Trying to find someone who doesn’t know a student who has been burgled in Manchester is an almost impossible task. Since the beginning of September five of my friends alone have had items stolen from their houses and with every story you begin to count down each finger on your hands, until you become the next victim.
You’re not paranoid to do so either. 1 in 10 crimes in Manchester are against students, according to the police. Manchester has the worst student burglary rate in England according to figures published by The Complete University Guide: 12.77 burglaries per 1000 residents in May 2013 – April 2014, for residents living in three miles of the University of Manchester. It’s an unfortunate reality that for many of us at university, burglary is as much a part of everyday life as late buses and tiredness.
As expected, the targets of most burglaries are laptops and smartphones, something that was seized upon by GMP’s student safety initiative this year which claimed that the average student household has £5000 to £10000 worth of high-tech items. Whilst most will be in envy of the occupants of this average student household, it corresponds that without fail every person who’s burgled has had their own laptop taken.
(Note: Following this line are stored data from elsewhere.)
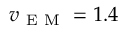Convert formula to latex. <formula><loc_0><loc_0><loc_500><loc_500>v _ { E M } = 1 . 4</formula> 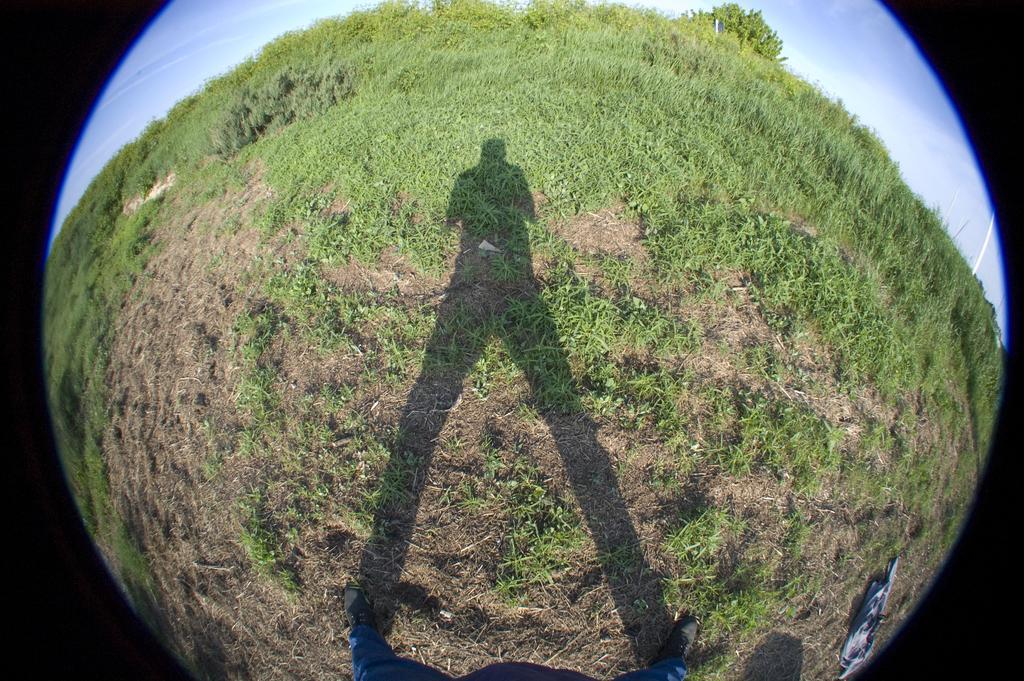Please provide a concise description of this image. This is a convex image, in this we can see a shadow of a person, grass and sky. 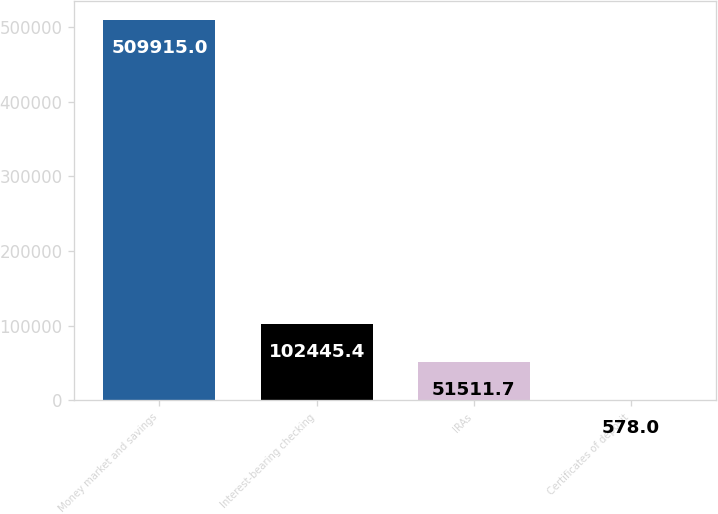<chart> <loc_0><loc_0><loc_500><loc_500><bar_chart><fcel>Money market and savings<fcel>Interest-bearing checking<fcel>IRAs<fcel>Certificates of deposit<nl><fcel>509915<fcel>102445<fcel>51511.7<fcel>578<nl></chart> 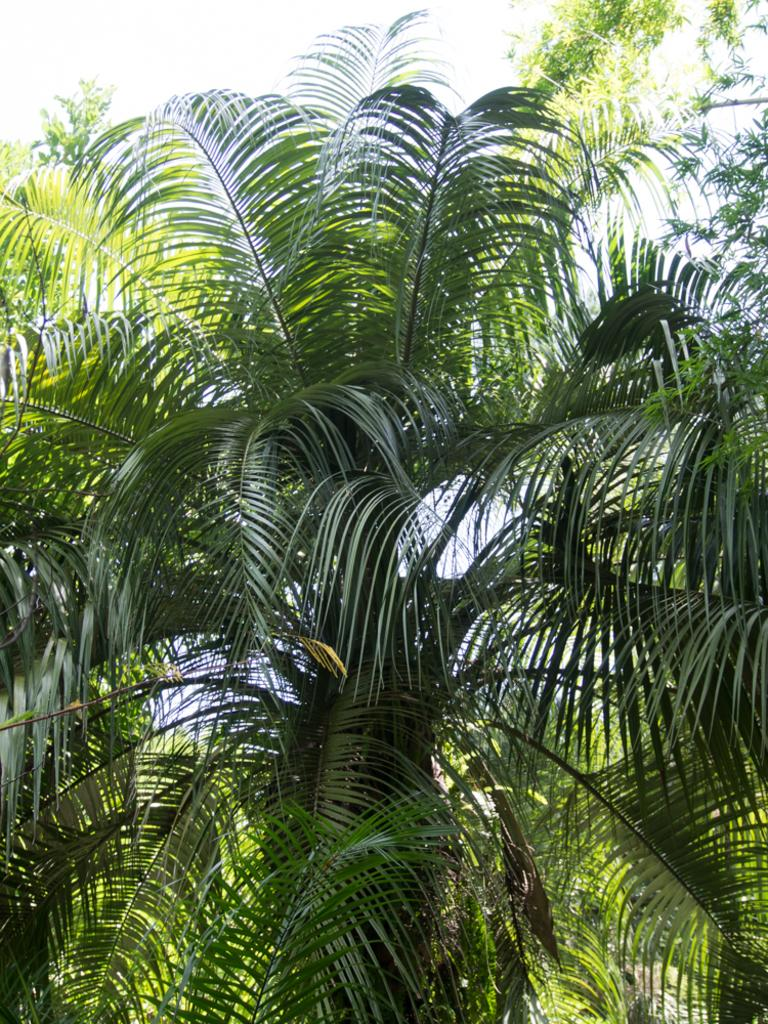What type of vegetation can be seen in the image? There are trees in the image. What part of the natural environment is visible in the image? The sky is visible in the image. What type of skirt is hanging from the tree in the image? There is no skirt present in the image; it only features trees and the sky. Can you tell me how many engines are visible in the image? There are no engines present in the image. 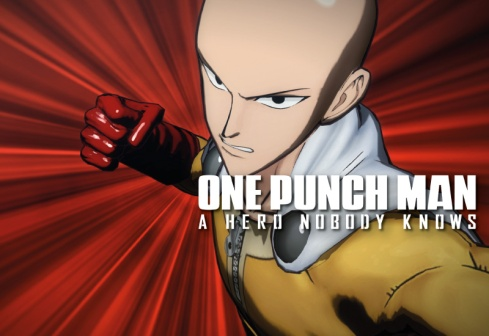What is the significance of Saitama's expression in this image? Saitama's expression in this image is one of intense focus and determination. This look highlights his readiness to engage in battle or deliver a powerful punch, which is central to his character as an overwhelmingly strong hero. Despite his simplistic and often nonchalant demeanor, this expression reveals a rare moment of seriousness, emphasizing the strength and resolve that lie beneath his often-comedic exterior. Can you give more background about the creation of Saitama as a character? Saitama was created by the artist ONE as a parody of traditional superhero tropes. His character is designed to subvert typical hero narratives; while most heroes struggle to defeat their enemies, Saitama defeats his foes with a single punch, which leaves him perpetually unchallenged and bored. This unique premise led to a fresh take on the superhero genre, making him a standout character who navigates the ennui of overwhelming power. The simplicity of his design—bald head, plain costume—contrasts with his incredible abilities, further emphasizing the satirical nature of his character. Imagine that Saitama is transported to a different universe where he meets another powerful hero. How would he react? If Saitama were transported to a different universe and met another powerful hero, his reaction would likely be one of polite indifference at first. Saitama's primary desire is to find an opponent that can challenge him, so if this new hero could provide a sense of competition or excitement, he might show more interest. However, given his laid-back personality, he might initially approach the situation with his usual nonchalance, potentially leading to humorous interactions before any serious combat ensues. 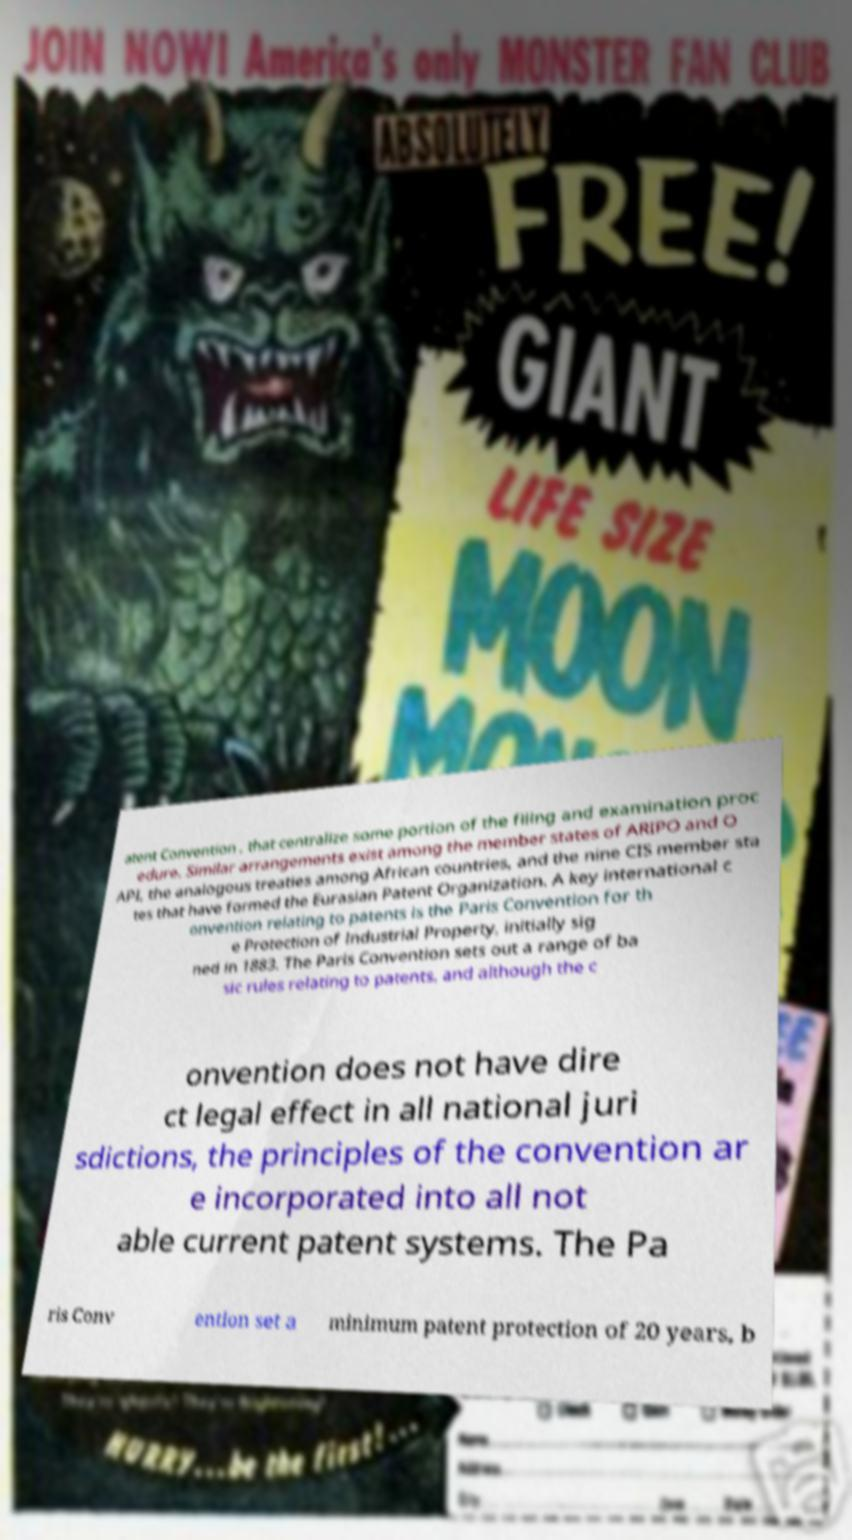Could you assist in decoding the text presented in this image and type it out clearly? atent Convention , that centralize some portion of the filing and examination proc edure. Similar arrangements exist among the member states of ARIPO and O API, the analogous treaties among African countries, and the nine CIS member sta tes that have formed the Eurasian Patent Organization. A key international c onvention relating to patents is the Paris Convention for th e Protection of Industrial Property, initially sig ned in 1883. The Paris Convention sets out a range of ba sic rules relating to patents, and although the c onvention does not have dire ct legal effect in all national juri sdictions, the principles of the convention ar e incorporated into all not able current patent systems. The Pa ris Conv ention set a minimum patent protection of 20 years, b 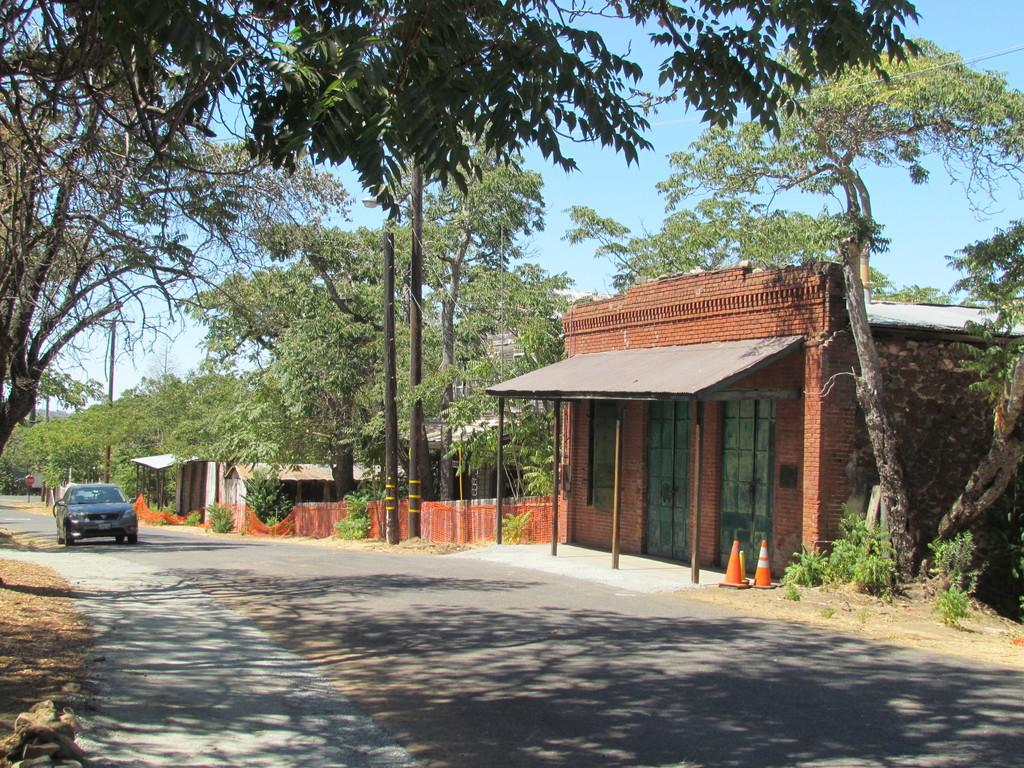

Charlotte Mason, a second year languages student explained to me how four laptops were stolen when they were burgled on Halloween “through the smallest window imaginable,” which was shut but not locked. For most students, it’s not the loss of property or even the inconvenience that burglaries cause them which distresses them the most but the idea that a stranger has been in their home. Charlotte commented that being burgled has made her household “much more conscious of the area, we will never leave a window open again. I know that it [burglary] was an issue, but I’ve never considered that it would happen to me.”
According to Greater Manchester Police, 1 in 3 burglaries are the result of an open or unlocked door/window. As well as the student safety initiative, this year the police also launched Project Ark, which aims to reduce burglary in the student hotspots of Fallowfield, Withington, and Ladybarn.
Being a victim of burglary has made Charlotte much more aware of her house’s safety: “If you think a window is too small to get through, you are wrong—these people find ways. Be conscious of every window and door, making sure it’s locked.”
Whilst every little helps, it’s unlikely burglary is just going to vanish from the Fallowfield area because of a few extra police patrols and locked windows. Charlotte herself knew of four other people who had been burgled before the Halloween incident. As long as students have laptops and laptops cost so much, thieves will target them. It’s just a pity they don’t realise non students also have smartphones and laptops, but then again they probably have burglar alarms too.